Angie firmly believed that television had a 'morally responsible role' to play in exposing social injustice, for the most part by pointing the finger at the faceless bureaucrats in local government, who were invariably, rightly or wrongly, cast as the villains of the piece. Chase's attitude was more sanguine. He couldn't whip up enthusiasm for the socially deprived, even though he readily acknowledged that they probably got a raw deal.
'If you don't want to go, then we won't,' Angie said, noticing his pensive expression. 'I just thought you might like to get out and meet some people. You work all day in the lab, come home, and collapse in a chair.'
'I'm an unsocial slob,' Chase agreed, collecting the plates and stacking them in the sink. 'Sure, let's go. Just as long as they don't expect me to give a lantern slide lecture on the mating habits of the walrus.'
'What does the walrus do that's so different?'
Chase thrust out his jaw. 'Very difficult to describe. But I could demonstrate if you like.'
Angie slapped his wrist. 'Not on a full stomach, darling.'
He made a grab for her and she ran off, squealing.
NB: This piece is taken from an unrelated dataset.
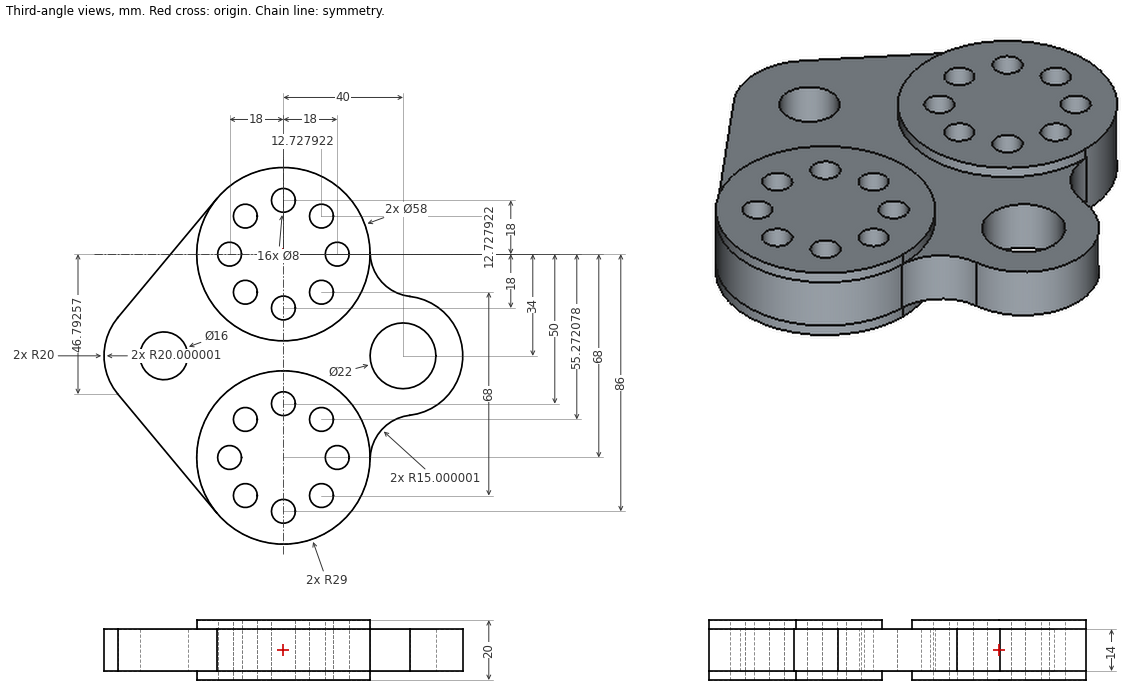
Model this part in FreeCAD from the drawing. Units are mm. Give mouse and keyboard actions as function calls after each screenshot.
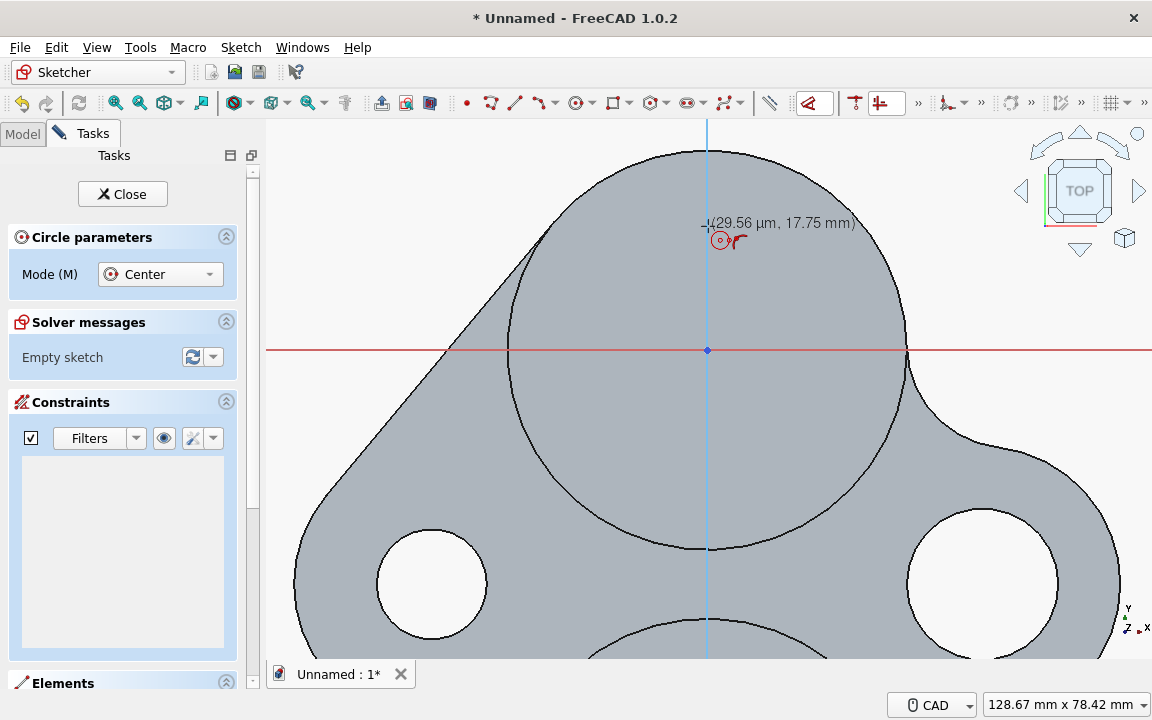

Three months ago they would have made love without a second bidding, he thought, standing at the sink and mechanically washing up, full stomach or not. In the first month he couldn't remember doing much else. He was hanging up the dish cloth when the phone rang. Angie's voice floated through the hiss of water in the shower as he took the call in the corner alcove at one end of the L-shaped livingroom. 'I heard it,' he yelled back, picking up the phone.
'Hello, Gav, how are you?'
He recognized the voice; and only one person called him Gav.
'Hello, Nick. How's the Lebanese Red?'
Nick chuckled. 'Too bloody expensive. I'm thinking of trying glue-sniffing. What are you up to these days?'
'The same,' Chase replied, flopping down crossways in an armchair. 'Developing a squint from staring down a microscope all day. What's happening with you?'
'That's what I'm calling you about. How do you fancy a holiday, absolutely free, all expenses paid?'
'You've gone into the travel business?'
'There's a conference in Geneva in two weeks time, the ninth onward for four days. The UN is sponsoring delegates from British universities and I've put my name down, but there are still a few places open. How about it?